EDIT: This would be an toggle-able option for lower end machinesAnyone got any thoughts on this? Who wants to see this add/modded?Lynda:bunny.
We had hair in motion in Sims 2, they dropped it for Sims 3, made it even worse for Sims 4. We've never had moving clothing, but I think Sims 4 has the worst clipping and plasticy clothing in game since Sims 1. EA has established that they are back tracking and are unconcerned with progress in that area. Jiggling bodies? Certainly that won't be on the table ever given EA's mindset.
I think someone did something like that for sims 2 if I'm not mistaken, maybe it's possible, but I don't care that much. I would like to have hair and clothing with movement though. Are you insane, that would make the game virtually unplayable on every system on earth lol.

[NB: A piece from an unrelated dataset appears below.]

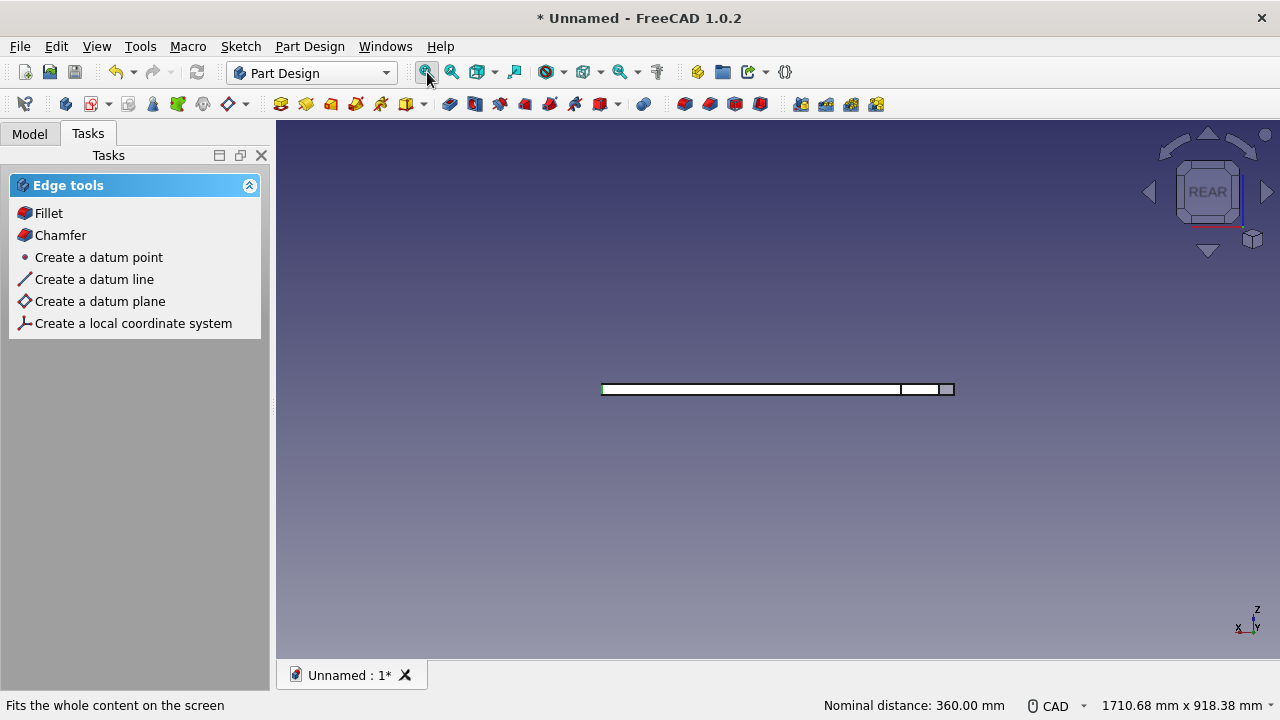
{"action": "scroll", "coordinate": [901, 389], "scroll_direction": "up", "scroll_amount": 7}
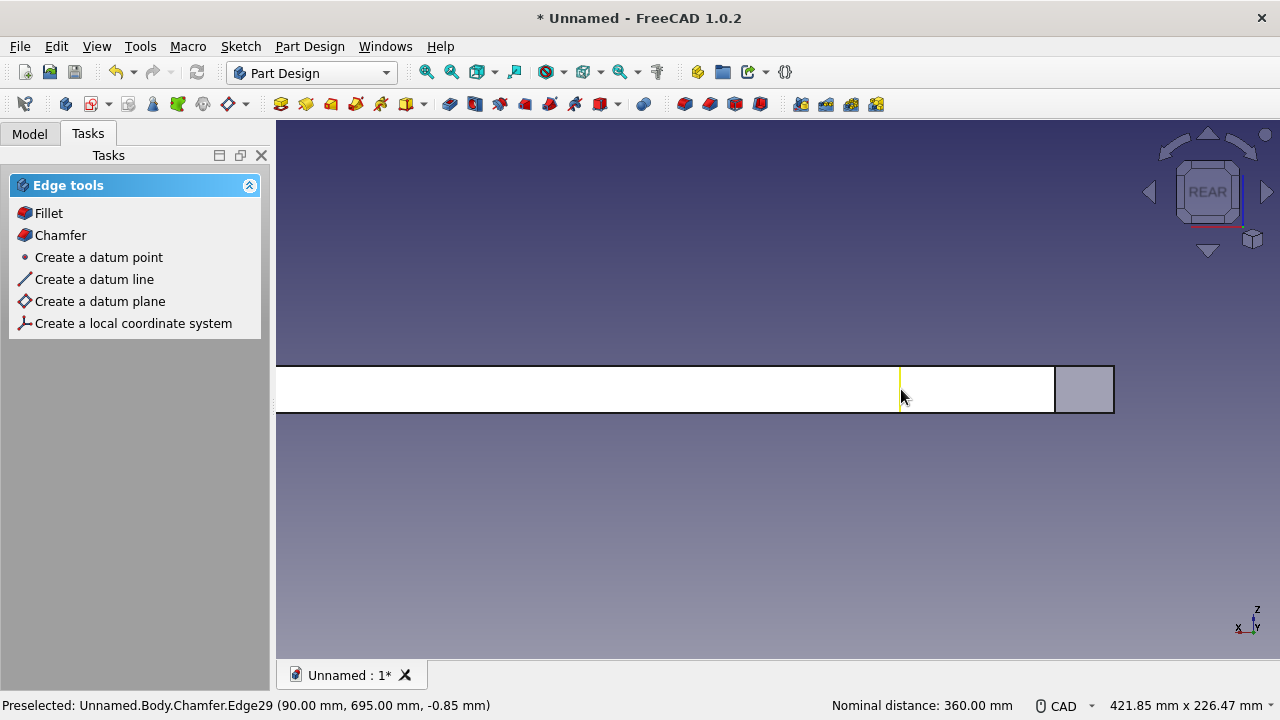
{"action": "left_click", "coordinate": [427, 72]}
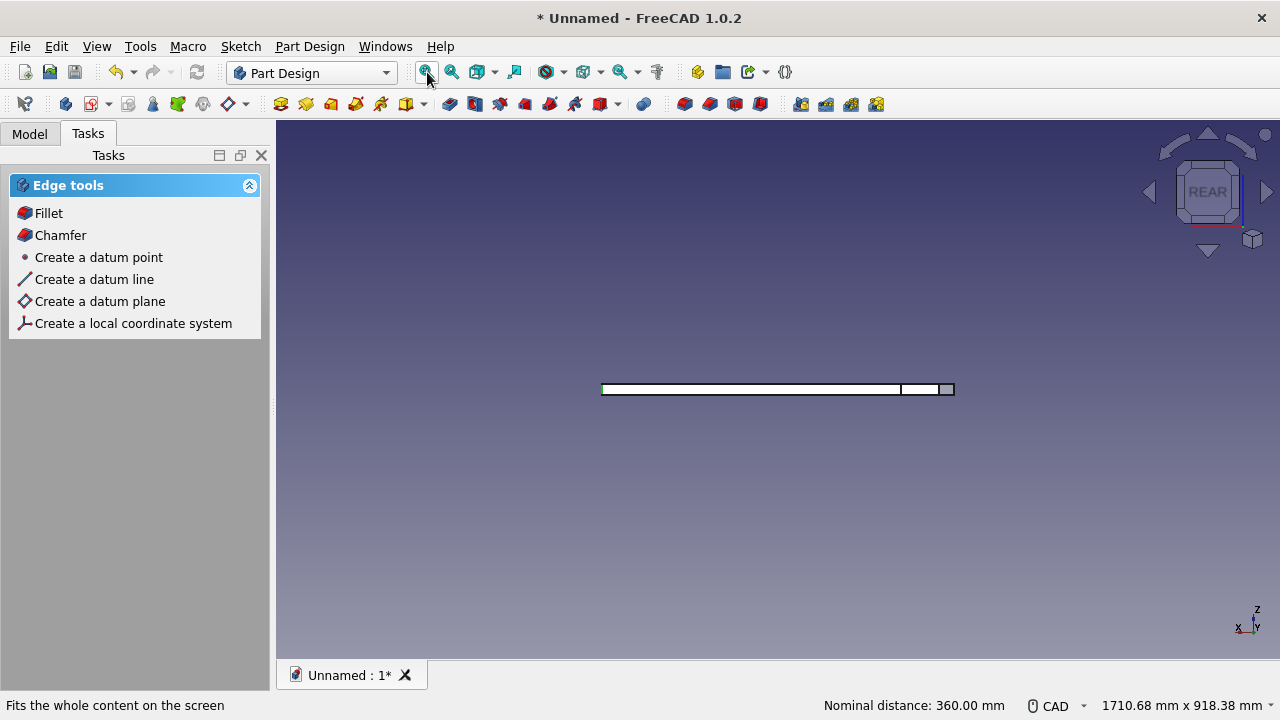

Tomb Raider is linear and scriptted, and even with Lara's hair being the only one running on the TressFx tec, the game strugles to render all that. That thing is a resource killer - and an useless one, at that.Most people fail to undertand that The Sims is highly customizable, and that prevents it from looking like contemporary games. It doesn't excuse the terrible art direction they took with Sims 4, but many of the things we see out there are out of reach for a game like The Sims.I do agree a bit of simple physics would be nice, but not at the expense of the game running terribly. It is alteady as buggy as it is, I personally don't need strings of hair stuttering and crashing my game. I want crazy physics because crazy physics always make a game much more enjoyable.Aka I want to be able to toss balls/cubes/whatever at my sims and watch them ragdoll around, and furniture falling about. It's unecessary in the Sims, but it feels like it would make your sims truly 'random and wacky'But other than that, physics should be limited:- Most animations will still be canned (walk animations + ragdolling, etc.), maybe similar to GTA IV's Euphoria Physics (Physics can do interesting things i.e.
Door slamming knocking over stuff, fights knocking over stuff, kids knocking over stuff, soccer and basketball actually being a bit more random, etc.- Water can now be roughly simulated (i.e. Cities in Motion style)- There can now be a bit of procedural animations (attach sim hands to node, generate the rest; doors not shutting properly, etc.)- Realistic fires, floods, maybe house explosions- Physics will not extend to the sims themselves, I can see a bit of physics, but not a lot.- Drunk walking + fightingcourse, this is really a cherry on top. First fix things like genetics before moving onto this. I just want better gameplay. I want more real life too.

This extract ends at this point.